As Hall readily admits in his introduction, it is always hard for an anthology to cover everything.  Many of the comics included are selections from longer works and I was often left with a feeling of missing a larger story.  They also struggle with alienating younger readers such as myself.  While stories from the early years of AIDS brought me clarity there were plenty of references and scenes that simply went over my head.  But comics Hall has included present the artist growth and development of a community through four decades and a wonderful piece of queer history.

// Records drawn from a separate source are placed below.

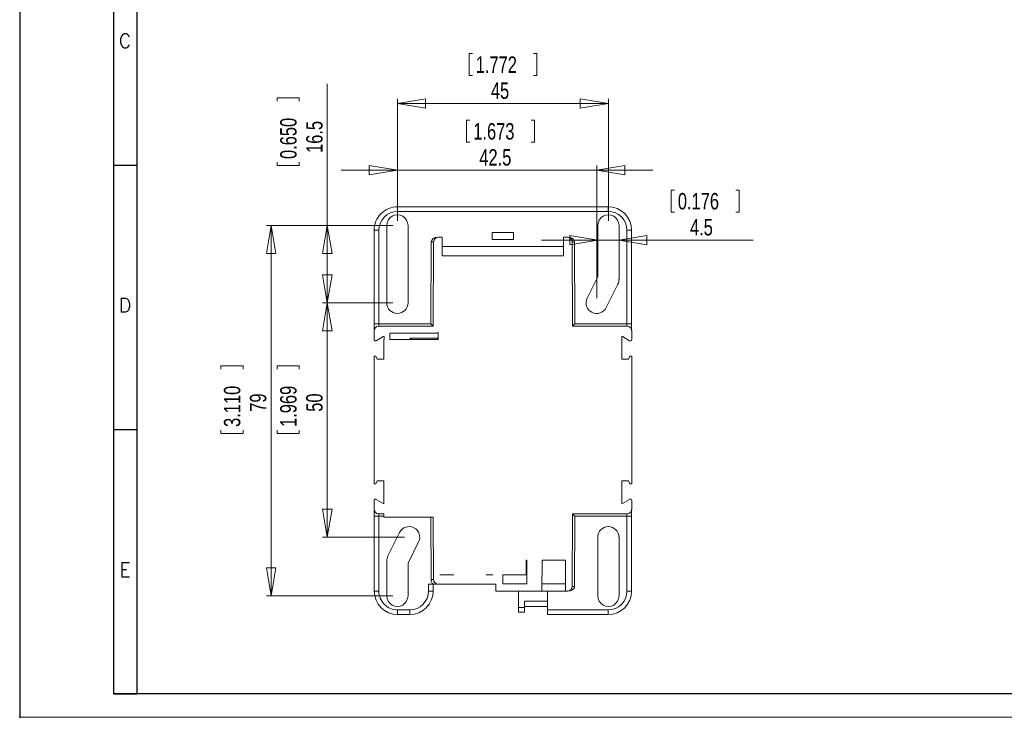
# Model space of a CAD drawing. Header units: millimetres. Extents: x 0 to 420, y 0 to 297.
# Tile 1 of 10: x 0 to 210, y 0 to 149. Entities that reach past the tile are written whole.
import ezdxf

# ---------------------------------------------------------------- set-up
doc = ezdxf.new("R2010")
doc.units = ezdxf.units.MM
doc.header["$PDSIZE"] = -1
doc.layers.add('FORMATO', color=7, linetype='Continuous')
doc.styles.add('SLDTEXTSTYLE0', font='ROMANS')
doc.styles.add('SLDTEXTSTYLE3', font='TXT', dxfattribs={"width": 0.75})
doc.dimstyles.new('SLDDIMSTYLE0', dxfattribs={"dimtxt": 3.5, "dimasz": 6, "dimexe": 0, "dimexo": 0.0625, "dimgap": 0.875, "dimtad": 1, "dimdec": 1, "dimrnd": 1e-09, "dimzin": 12, "dimdsep": 46, "dimtxsty": 'SLDTEXTSTYLE3', "dimblk1": 'CLOSED', "dimblk2": 'CLOSED', "dimsah": 1, "dimcen": 0.09, "dimadec": 0, "dimazin": 3, "dimtfac": 1, "dimtdec": 1, "dimtofl": 0, "dimtmove": 0, "dimatfit": 3, "dimldrblk": 'CLOSED', "dimfxl": 0, "dimfrac": 2, "dimtolj": 1, "dimtzin": 12, "dimarcsym": 0})
doc.dimstyles.new('SLDDIMSTYLE2', dxfattribs={"dimtxt": 3.5, "dimasz": 6, "dimexe": 0, "dimexo": 0.0625, "dimgap": 0.875, "dimtad": 1, "dimdec": 1, "dimrnd": 1e-09, "dimzin": 12, "dimdsep": 46, "dimtxsty": 'SLDTEXTSTYLE3', "dimblk1": 'CLOSED', "dimblk2": 'CLOSED', "dimsah": 1, "dimcen": 0.09, "dimadec": 0, "dimazin": 3, "dimtfac": 1, "dimtdec": 1, "dimtmove": 0, "dimatfit": 0, "dimldrblk": 'CLOSED', "dimfxl": 0, "dimfrac": 2, "dimtolj": 1, "dimtzin": 12, "dimarcsym": 0})

# ---------------------------------------------------------------- blocks, each defined once
blk = doc.blocks.new('_CLOSED')
at = {"color": 0, "linetype": 'ByBlock', "lineweight": -2}
for p, q in [((-1, 0.166667), (0, 0)), ((-1, 0.166667), (-1, -0.166667)), ((0, 0), (-1, -0.166667)), ((0, 0), (-1, 0))]:
    blk.add_line(p, q, dxfattribs=at)
blk = doc.blocks.new('_D_3')
at = {"color": 7, "linetype": 'Continuous', "lineweight": 0}
for p, q in [((95.84, 141.61), (95.84, 136.89)), ((95.84, 141.61), (96.55, 141.61)), ((110.32, 141.61), (109.6, 141.61)), ((110.32, 141.61), (110.32, 136.89)), ((95.84, 136.89), (96.55, 136.89)), ((110.32, 136.89), (109.6, 136.89)), ((80.56, 105.92), (80.56, 131.92)), ((125.56, 130.92), (80.56, 130.92)), ((125.56, 105.92), (125.56, 131.92))]:
    blk.add_line(p, q, dxfattribs=at)
at = {"color": 7, "linetype": 'Continuous', "lineweight": 0, "xscale": 6, "yscale": 6, "rotation": 180.0000000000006}
blk.add_blockref('_CLOSED', (80.56, 130.92, -28.27), dxfattribs=at)
at = {"color": 7, "linetype": 'Continuous', "lineweight": 0, "xscale": 6, "yscale": 6}
blk.add_blockref('_CLOSED', (125.56, 130.92, -28.27), dxfattribs=at)
at = {"color": 7, "linetype": 'Continuous', "lineweight": 0, "char_height": 3.5, "attachment_point": 1, "style": 'SLDTEXTSTYLE3'}
for s, insert in [('1.772', (97.26, 140.98)), ('45', (100.49, 135.43))]:
    blk.add_mtext(s, dxfattribs=dict(at, insert=insert))
blk = doc.blocks.new('_D_4')
at = {"color": 7, "linetype": 'Continuous', "lineweight": 0}
for p, q in [((79.56, 104.92), (52.61, 104.92)), ((53.61, 104.92), (53.61, 25.92)), ((42.92, 75), (47.64, 75)), ((42.92, 75), (42.92, 74.29)), ((47.64, 75), (47.64, 74.29)), ((42.92, 60.52), (42.92, 61.23)), ((47.64, 60.52), (47.64, 61.23)), ((42.92, 60.52), (47.64, 60.52)), ((79.56, 25.92), (52.61, 25.92))]:
    blk.add_line(p, q, dxfattribs=at)
at = {"color": 7, "linetype": 'Continuous', "lineweight": 0, "xscale": 6, "yscale": 6}
for p, rotation in [((53.61, 104.92, -28.27), 90.00000000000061), ((53.61, 25.92, -28.27), 270.0000000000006)]:
    blk.add_blockref('_CLOSED', p, dxfattribs=dict(at, rotation=rotation))
at = {"color": 7, "linetype": 'Continuous', "lineweight": 0, "char_height": 3.5, "attachment_point": 1, "rotation": 90, "style": 'SLDTEXTSTYLE3'}
for s, insert in [('3.110', (43.55, 61.94)), ('79', (49.1, 65.18))]:
    blk.add_mtext(s, dxfattribs=dict(at, insert=insert))
blk = doc.blocks.new('_D_5')
at = {"color": 7, "linetype": 'Continuous', "lineweight": 0}
for p, q in [((79.56, 88.42), (64.61, 88.42)), ((65.61, 88.42), (65.61, 38.42)), ((54.92, 75), (59.64, 75)), ((54.92, 75), (54.92, 74.29)), ((59.64, 75), (59.64, 74.29)), ((54.92, 60.52), (54.92, 61.23)), ((59.64, 60.52), (59.64, 61.23)), ((54.92, 60.52), (59.64, 60.52)), ((82.06, 38.42), (64.61, 38.42))]:
    blk.add_line(p, q, dxfattribs=at)
at = {"color": 7, "linetype": 'Continuous', "lineweight": 0, "xscale": 6, "yscale": 6}
for p, rotation in [((65.61, 88.42, -28.27), 90.0000000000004), ((65.61, 38.42, -28.27), 270.0000000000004)]:
    blk.add_blockref('_CLOSED', p, dxfattribs=dict(at, rotation=rotation))
at = {"color": 7, "linetype": 'Continuous', "lineweight": 0, "char_height": 3.5, "attachment_point": 1, "rotation": 90, "style": 'SLDTEXTSTYLE3'}
for s, insert in [('1.969', (55.55, 61.94)), ('50', (61.1, 65.18))]:
    blk.add_mtext(s, dxfattribs=dict(at, insert=insert))
blk = doc.blocks.new('_D_6')
at = {"color": 7, "linetype": 'Continuous', "lineweight": 0}
for p, q in [((65.61, 104.92), (65.61, 135.16)), ((54.92, 132.16), (59.64, 132.16)), ((54.92, 132.16), (54.92, 131.45)), ((59.64, 132.16), (59.64, 131.45)), ((54.92, 117.68), (54.92, 118.39)), ((54.92, 117.68), (59.64, 117.68)), ((59.64, 117.68), (59.64, 118.39)), ((79.56, 104.92), (64.61, 104.92)), ((65.61, 104.92), (65.61, 88.42)), ((79.56, 88.42), (64.61, 88.42))]:
    blk.add_line(p, q, dxfattribs=at)
at = {"color": 7, "linetype": 'Continuous', "lineweight": 0, "xscale": 6, "yscale": 6}
for p, rotation in [((65.61, 104.92, -28.27), 90.00000000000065), ((65.61, 88.42, -28.27), 270.0000000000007)]:
    blk.add_blockref('_CLOSED', p, dxfattribs=dict(at, rotation=rotation))
at = {"color": 7, "linetype": 'Continuous', "lineweight": 0, "char_height": 3.5, "attachment_point": 1, "rotation": 90, "style": 'SLDTEXTSTYLE3'}
for s, insert in [('0.650', (55.55, 119.1)), ('16.5', (61.1, 120.39))]:
    blk.add_mtext(s, dxfattribs=dict(at, insert=insert))
blk = doc.blocks.new('_D_7')
at = {"color": 7, "linetype": 'Continuous', "lineweight": 0}
for p, q in [((138.95, 112.47), (138.95, 107.75)), ((138.95, 112.47), (139.66, 112.47)), ((153.43, 112.47), (152.72, 112.47)), ((153.43, 112.47), (153.43, 107.75)), ((138.95, 107.75), (139.66, 107.75)), ((153.43, 107.75), (152.72, 107.75)), ((123.32, 101.78), (111.32, 101.78)), ((127.79, 101.78), (123.32, 101.78)), ((127.79, 101.78), (156.44, 101.78))]:
    blk.add_line(p, q, dxfattribs=at)
at = {"color": 7, "linetype": 'Continuous', "lineweight": 0, "xscale": 6, "yscale": 6}
blk.add_blockref('_CLOSED', (123.32, 101.78, -28.27), dxfattribs=at)
at = {"color": 7, "linetype": 'Continuous', "lineweight": 0, "xscale": 6, "yscale": 6, "rotation": 180.0000000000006}
blk.add_blockref('_CLOSED', (127.79, 101.78, -28.27), dxfattribs=at)
at = {"color": 7, "linetype": 'Continuous', "lineweight": 0, "char_height": 3.5, "attachment_point": 1, "style": 'SLDTEXTSTYLE3'}
for s, insert in [('0.176', (140.37, 111.85)), ('4.5', (142.96, 106.29))]:
    blk.add_mtext(s, dxfattribs=dict(at, insert=insert))
blk = doc.blocks.new('_D_8')
at = {"color": 7, "linetype": 'Continuous', "lineweight": 0}
for p, q in [((95.32, 127.38), (95.32, 122.66)), ((95.32, 127.38), (96.03, 127.38)), ((109.79, 127.38), (109.08, 127.38)), ((109.79, 127.38), (109.79, 122.66)), ((95.32, 122.66), (96.03, 122.66)), ((109.79, 122.66), (109.08, 122.66)), ((80.56, 105.92), (80.56, 117.69)), ((123.06, 89.42), (123.06, 117.69)), ((80.56, 116.69), (68.56, 116.69)), ((80.56, 116.69), (123.06, 116.69)), ((123.06, 116.69), (135.06, 116.69))]:
    blk.add_line(p, q, dxfattribs=at)
at = {"color": 7, "linetype": 'Continuous', "lineweight": 0, "xscale": 6, "yscale": 6}
blk.add_blockref('_CLOSED', (80.56, 116.69, -28.27), dxfattribs=at)
at = {"color": 7, "linetype": 'Continuous', "lineweight": 0, "xscale": 6, "yscale": 6, "rotation": 180.0000000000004}
blk.add_blockref('_CLOSED', (123.06, 116.69, -28.27), dxfattribs=at)
at = {"color": 7, "linetype": 'Continuous', "lineweight": 0, "char_height": 3.5, "attachment_point": 1, "style": 'SLDTEXTSTYLE3'}
for s, insert in [('1.673', (96.74, 126.75)), ('42.5', (98.03, 121.2))]:
    blk.add_mtext(s, dxfattribs=dict(at, insert=insert))

msp = doc.modelspace()

# ---------------------------------------------------------------- linework, layer by layer
at = {"color": 7, "linetype": 'Continuous', "lineweight": 15}
for p, q in [((80.61, 108.917), (80.61, 107.921)), ((80.61, 108.917), (125.503, 108.917)), ((125.503, 107.921), (80.61, 107.921)), ((125.503, 108.917), (125.503, 107.921)), ((75.609, 83.919), (75.61, 103.917)), ((76.61, 103.921), (76.609, 83.917)), ((78.291, 88.417), (78.291, 104.917)), ((82.822, 104.917), (82.822, 88.417)), ((100.791, 103.433), (105.322, 103.433)), ((100.791, 101.901), (100.791, 103.433)), ((105.322, 103.433), (105.322, 101.901)), ((123.291, 93.952), (123.291, 104.917)), ((127.822, 104.917), (127.822, 93.417)), ((129.503, 83.917), (129.503, 103.921)), ((130.503, 103.917), (130.503, 83.919)), ((87.709, 83.917), (87.785, 101.423)), ((88.285, 101.423), (87.785, 101.423)), ((88.206, 83.417), (88.285, 101.421)), ((90.124, 102.417), (89.285, 102.417)), ((90.141, 98.417), (90.124, 102.417)), ((105.322, 101.901), (100.791, 101.901)), ((115.989, 102.417), (115.972, 98.417)), ((116.828, 102.417), (115.989, 102.417)), ((118.328, 101.423), (117.828, 101.423)), ((117.828, 101.421), (117.906, 83.417)), ((118.328, 101.423), (118.404, 83.917)), ((90.132, 100.417), (115.981, 100.417)), ((115.972, 98.417), (90.141, 98.417)), ((121.03, 89.43), (123.291, 93.952)), ((127.583, 92.404), (125.083, 87.404)), ((75.578, 80.594), (75.578, 82.417)), ((88.206, 83.417), (76.578, 83.417)), ((76.609, 83.917), (87.709, 83.917)), ((76.609, 83.416), (76.609, 83.916)), ((88.715, 81.949), (78.924, 81.949)), ((78.924, 81.949), (78.924, 80.573)), ((78.929, 81.944), (78.924, 81.949)), ((78.929, 80.573), (78.929, 81.944)), ((88.71, 81.944), (78.929, 81.944)), ((88.206, 83.419), (87.709, 83.917)), ((88.71, 81.944), (88.715, 81.949)), ((89.222, 80.573), (89.222, 82.088)), ((117.906, 83.419), (118.404, 83.917)), ((117.906, 83.417), (129.535, 83.417)), ((118.404, 83.917), (129.503, 83.917)), ((129.503, 83.917), (129.503, 83.417)), ((130.535, 82.417), (130.535, 80.594)), ((77.556, 81.217), (76.028, 80.335)), ((77.756, 81.217), (77.556, 81.217)), ((77.639, 76.417), (77.639, 80.573)), ((77.639, 80.573), (77.756, 80.573)), ((77.756, 80.573), (77.756, 81.217)), ((78.924, 80.573), (89.222, 80.573)), ((89.222, 80.864), (83.31, 80.864)), ((83.31, 80.864), (83.31, 80.573)), ((83.456, 80.864), (83.456, 80.573)), ((89.105, 80.864), (89.105, 80.573)), ((128.415, 81.217), (128.417, 76.417)), ((128.556, 81.217), (128.415, 81.217)), ((130.085, 80.335), (128.556, 81.217)), ((75.578, 49.817), (75.578, 77.017)), ((75.578, 77.017), (75.956, 77.017)), ((75.956, 77.017), (76.256, 76.417)), ((76.256, 76.417), (77.639, 76.417)), ((128.417, 76.417), (129.856, 76.417)), ((129.856, 76.417), (130.156, 77.017)), ((130.156, 77.017), (130.535, 77.017)), ((130.535, 77.017), (130.535, 49.817)), ((76.256, 50.417), (75.956, 49.817)), ((77.639, 50.417), (76.256, 50.417)), ((77.639, 45.617), (77.639, 50.417)), ((129.856, 50.417), (128.429, 50.417)), ((128.429, 50.417), (128.432, 45.617)), ((130.156, 49.817), (129.856, 50.417)), ((75.956, 49.817), (75.578, 49.817)), ((130.535, 49.817), (130.156, 49.817)), ((75.578, 44.417), (75.578, 46.24)), ((76.028, 46.499), (77.556, 45.617)), ((128.556, 45.617), (130.085, 46.499)), ((130.535, 46.24), (130.535, 44.417)), ((77.556, 45.617), (77.639, 45.617)), ((128.432, 45.617), (128.556, 45.617)), ((75.61, 26.917), (75.609, 42.915)), ((77.639, 43.417), (76.578, 43.417)), ((76.609, 42.917), (76.609, 43.417)), ((77.639, 42.917), (76.609, 42.917)), ((76.609, 42.917), (76.61, 26.913)), ((77.639, 42.672), (77.639, 43.417)), ((88.21, 42.672), (77.639, 42.672)), ((87.768, 29.413), (87.71, 42.672)), ((88.21, 42.672), (88.268, 29.413)), ((117.839, 27.913), (117.906, 43.417)), ((129.535, 43.417), (117.906, 43.417)), ((118.404, 42.917), (117.906, 43.415)), ((118.404, 42.917), (118.339, 27.911)), ((129.503, 42.917), (118.404, 42.917)), ((129.503, 43.417), (129.503, 42.917)), ((129.503, 26.913), (129.503, 42.917)), ((130.503, 42.915), (130.503, 26.917)), ((78.53, 34.43), (81.03, 39.43)), ((123.291, 25.917), (123.291, 38.417)), ((127.822, 38.417), (127.822, 25.917)), ((85.083, 37.404), (82.822, 32.882)), ((78.291, 25.917), (78.291, 33.417)), ((82.822, 32.882), (82.822, 25.917)), ((108.143, 33.553), (108.022, 33.553)), ((108.022, 33.553), (108.022, 30.416)), ((108.143, 28.444), (108.143, 33.553)), ((111.378, 26.917), (111.407, 33.553)), ((116.406, 33.553), (111.407, 33.553)), ((116.435, 26.917), (116.406, 33.553)), ((88.267, 29.413), (87.766, 29.413)), ((92.629, 30.416), (89.624, 30.416)), ((89.624, 30.384), (89.624, 30.416)), ((89.655, 30.416), (89.624, 30.384)), ((89.624, 30.384), (92.611, 30.384)), ((92.611, 30.384), (92.593, 30.416)), ((100.879, 30.416), (99.484, 30.416)), ((99.52, 30.416), (99.502, 30.384)), ((99.502, 30.384), (100.861, 30.384)), ((100.843, 30.416), (100.861, 30.384)), ((108.022, 30.416), (103.07, 30.416)), ((103.07, 28.444), (103.07, 30.416)), ((87.186, 26.913), (87.186, 28.417)), ((87.186, 28.417), (88.154, 28.417)), ((88.186, 28.417), (88.186, 26.917)), ((101.556, 28.417), (89.268, 28.417)), ((101.556, 26.917), (101.556, 28.417)), ((103.07, 28.444), (108.143, 28.444)), ((116.429, 28.442), (111.384, 28.442)), ((117.839, 27.911), (118.339, 27.911)), ((111.378, 26.917), (101.556, 26.917)), ((106.356, 26.917), (106.356, 23.417)), ((116.435, 26.917), (111.378, 26.917)), ((112.556, 26.917), (112.556, 22.913)), ((116.839, 26.917), (116.435, 26.917)), ((106.356, 23.417), (107.656, 23.417)), ((106.356, 22.417), (106.356, 23.417)), ((112.556, 24.772), (107.656, 24.772)), ((107.656, 24.772), (107.656, 23.417)), ((112.556, 23.617), (107.656, 23.617)), ((107.656, 23.417), (107.656, 22.417)), ((80.61, 22.913), (83.186, 22.913)), ((80.61, 22.913), (80.61, 21.917)), ((83.186, 21.917), (80.61, 21.917)), ((83.186, 22.913), (83.186, 21.917)), ((107.656, 22.417), (106.356, 22.417)), ((112.556, 22.913), (125.503, 22.913)), ((112.556, 21.917), (112.556, 22.913)), ((125.503, 21.917), (112.556, 21.917)), ((125.503, 21.917), (125.503, 22.913))]:
    msp.add_line(p, q, dxfattribs=at)
for centre, radius, start, end in [((80.556, 104.917), 2.266, 359.99891, 180.00109), ((125.556, 104.917), 2.266, 359.99891, 180.00109), ((76.357, 47.207), 56.715, 89.74487, 90.75513), ((129.756, 47.207), 56.715, 89.24487, 90.25513), ((89.285, 101.417), 1, 90, 179.75), ((116.828, 101.417), 1, 0.25, 90), ((125.556, 93.417), 2.265, 333.43397, 359.99891), ((80.556, 88.417), 2.265, 180.00109, 359.99891), ((123.056, 88.417), 2.265, 153.43592, 333.43397), ((76.578, 82.417), 1, 90, 180), ((129.535, 82.417), 1, 0, 90), ((75.878, 80.594), 0.3, 180.00063, 300), ((130.235, 80.594), 0.3, 240, 359.99937), ((75.878, 46.24), 0.3, 60, 179.99937), ((130.235, 46.24), 0.3, 0.00063, 120), ((76.578, 44.417), 1, 180, 270), ((129.535, 44.417), 1, 270, 0), ((83.056, 38.417), 2.265, 333.43592, 153.43397), ((125.556, 38.417), 2.265, 0.00109, 179.99891), ((80.556, 33.417), 2.265, 153.43397, 179.99891), ((89.268, 29.417), 1, 180.25, 270), ((96.056, 28.417), 3.967, 149.75048, 150.27066), ((96.056, 28.417), 3.967, 29.72934, 30.24952), ((104.306, 28.417), 3.967, 149.75048, 150.27066), ((116.839, 27.917), 1, 270, 359.75), ((76.357, 83.627), 56.715, 269.24487, 270.25513), ((80.556, 25.917), 2.266, 179.99891, 0.00109), ((87.439, 83.627), 56.715, 269.74487, 270.75513), ((125.556, 25.917), 2.266, 179.99891, 0.00109), ((129.756, 83.627), 56.715, 269.74487, 270.75513)]:
    msp.add_arc(centre, radius, start, end, dxfattribs=at)
for centre, major_axis, ratio, start_param, end_param in [((80.61, 103.917), (4.11, 2.848), 0.9999837, 0.9647794, 2.5355758), ((80.61, 103.921), (3.403, 2.103), 0.9999787, 1.0172163, 2.5880126), ((125.503, 103.917), (4.11, -2.848), 0.9999837, 0.6060169, 2.1768132), ((125.503, 103.921), (3.403, -2.103), 0.9999787, 0.5535801, 2.1243764), ((89.199, 101.417), (1.414, -0.006), 0.7071001, 1.5769669, 3.1415926), ((116.914, 101.417), (1.414, 0.006), 0.7070866, 0.0000002, 1.5646259), ((88.71, 82.944), (0.707, 0.707), 0.999981, 3.9269813, 4.4653405), ((88.715, 82.95), (0.707, 0.707), 0.999981, 3.9269813, 4.4595062), ((116.925, 27.917), (1.414, -0.006), 0.7070866, 4.7185594, 6.2831851), ((80.61, 26.917), (4.11, -2.848), 0.9999837, 3.7476096, 5.3184059), ((80.61, 26.913), (3.403, -2.103), 0.9999787, 3.6951727, 5.2659691), ((83.186, 26.917), (4.11, 2.848), 0.9999837, 4.1063721, 5.6771684), ((83.186, 26.913), (3.403, 2.103), 0.9999787, 4.1588089, 5.7296052), ((125.503, 26.917), (4.11, 2.848), 0.9999837, 4.1063721, 5.6771684), ((125.503, 26.913), (3.403, 2.103), 0.9999787, 4.1588089, 5.7296052)]:
    msp.add_ellipse(centre, major_axis=major_axis, ratio=ratio, start_param=start_param, end_param=end_param, dxfattribs=at)
for points, knots in [([(75.6, 82.498), (75.601, 82.781), (75.603, 83.221), (75.606, 83.677), (75.608, 83.888), (75.609, 83.909), (75.609, 83.919)], [0, 0, 0, 0, 0.4771152, 0.7390615, 0.8825052, 1, 1, 1, 1]), ([(130.503, 83.921), (130.504, 83.911), (130.505, 83.891), (130.506, 83.775), (130.507, 83.644), (130.508, 83.494), (130.509, 83.263), (130.511, 82.929), (130.512, 82.645), (130.513, 82.497)], [0, 0, 0, 0, 0.1170808, 0.2215293, 0.3163164, 0.4121142, 0.5220029, 0.7518864, 1, 1, 1, 1]), ([(75.609, 42.913), (75.609, 42.923), (75.608, 42.943), (75.607, 43.059), (75.606, 43.19), (75.605, 43.34), (75.604, 43.571), (75.602, 43.905), (75.6, 44.189), (75.6, 44.337)], [0, 0, 0, 0, 0.1170808, 0.2215293, 0.3163164, 0.4121142, 0.5220029, 0.7518864, 1, 1, 1, 1]), ([(130.513, 44.337), (130.512, 44.053), (130.51, 43.613), (130.507, 43.158), (130.505, 42.947), (130.504, 42.924), (130.503, 42.913)], [0, 0, 0, 0, 0.4770707, 0.7390001, 0.8825142, 1, 1, 1, 1]), ([(88.154, 28.42), (88.039, 28.569), (87.813, 28.863), (87.781, 29.232), (87.765, 29.413)], [0, 0, 0, 0, 0.5097656, 1, 1, 1, 1]), ([(89.268, 28.417), (89.173, 28.417), (88.967, 28.417), (88.584, 28.417), (88.324, 28.417), (88.155, 28.417)], [0, 0, 0, 0, 0.22819385, 0.49827997, 1, 1, 1, 1])]:
    msp.add_open_spline(points, degree=3, knots=knots, dxfattribs=at)
for points in [[(75.609, 83.919), (75.624, 83.919), (75.653, 83.919), (75.884, 83.919), (76.215, 83.918), (76.478, 83.917), (76.609, 83.917)], [(129.503, 83.917), (129.635, 83.917), (129.898, 83.918), (130.229, 83.919), (130.46, 83.919), (130.489, 83.919), (130.503, 83.919)], [(76.609, 42.917), (76.478, 42.917), (76.215, 42.916), (75.884, 42.915), (75.653, 42.915), (75.624, 42.915), (75.609, 42.915)], [(130.503, 42.915), (130.489, 42.915), (130.46, 42.915), (130.229, 42.915), (129.898, 42.916), (129.635, 42.917), (129.503, 42.917)]]:
    msp.add_open_spline(points, degree=3, dxfattribs=at)
at = {"layer": 'FORMATO'}
for p, q in [((0, 297), (0, 0)), ((20, 287), (20, 5)), ((25, 287), (25, 5)), ((20, 117.8), (25, 117.8)), ((20, 61.4), (25, 61.4)), ((415, 5), (19.916, 5)), ((20, 5), (25, 5))]:
    msp.add_line(p, q, dxfattribs=at)
at = {"layer": 'FORMATO', "lineweight": 0}
msp.add_line((0, 0), (420, 0), dxfattribs=at)
at = {"layer": 'FORMATO', "color": 7}
msp.add_point((0, 0), dxfattribs=at)

# ---------------------------------------------------------------- texts
at = {"layer": 'FORMATO', "char_height": 3, "attachment_point": 2, "style": 'SLDTEXTSTYLE0'}
for s, insert in [('C', (22.474, 145.795)), ('D', (22.474, 89.395)), ('E', (22.479, 32.995))]:
    msp.add_mtext(s, dxfattribs=dict(at, insert=insert))

# ---------------------------------------------------------------- dimensions: what is measured, and where the dimension line sits
at = {"color": 7, "linetype": 'Continuous', "lineweight": 0}
for base, p1, p2, angle, dimstyle, picture, middle in [((80.556, 130.917), (125.556, 104.917), (80.556, 104.917), 0, 'SLDDIMSTYLE0', '_D_3', (103.077, 130.917)), ((65.612, 88.417), (80.556, 104.917), (80.556, 88.417), 90, 'SLDDIMSTYLE0', '_D_6', (65.612, 124.917)), ((123.318, 101.782), (127.795, 104.917), (123.318, 104.917), 0, 'SLDDIMSTYLE2', '_D_7', (146.191, 101.782)), ((53.612, 25.917), (80.556, 104.917), (80.556, 25.917), 90, 'SLDDIMSTYLE0', '_D_4', (53.612, 67.761)), ((65.612, 38.417), (80.556, 88.417), (83.056, 38.417), 90, 'SLDDIMSTYLE0', '_D_5', (65.612, 67.761))]:
    dim = msp.add_linear_dim(base=base, p1=p1, p2=p2, angle=angle, dimstyle=dimstyle, dxfattribs=at)
    dim.commit()
    dim.dimension.update_dxf_attribs({"geometry": picture, "text_midpoint": middle, "dimtype": 160})
dim = msp.add_linear_dim(base=(123.056, 116.687), p1=(80.556, 104.917), p2=(123.056, 88.417), dimstyle='SLDDIMSTYLE2', dxfattribs=at)
dim.commit()
dim.dimension.update_dxf_attribs({"geometry": '_D_8', "text_midpoint": (102.556, 116.687), "dimtype": 160})

doc.saveas('drawing.dxf')

Danika reviews The Abandoned by Ross Campbell

I learned about The Abandoned from Good Lesbian Books’s Lesbian Fiction list. A lesbian zombie graphic novel?! Sounds too good to be true! I tried to brace myself before reading it. Maybe there would just be gay undertones. Nope! It’s established from the first couple of pages that Rylie is into girls, though romance isn’t really a big plot line in the book. And when I actually got The Abandoned in my hands, it looked even better. A fat lesbian PoC protagonist?! And the art is amazing. Rylie is just as awesome as she looks. She and the other characters in The Abandoned have their own interesting personalities and interactions with each other. Rylie is the only person of colour character, but there are other queer characters. Honestly, the only complaint I have is that there isn’t more! I read The Abandoned in one sitting. Apparently, there were supposed to be two additional volumes, but they got cancelled. I wouldn’t say, as some reviews do, that this volume ended on a cliffhanger, exactly, but it is open-ended. The Abandoned also has some hardcore zombie gore. You do see people torn apart. So if you like zombie gore and lesbians, I highly recommend this!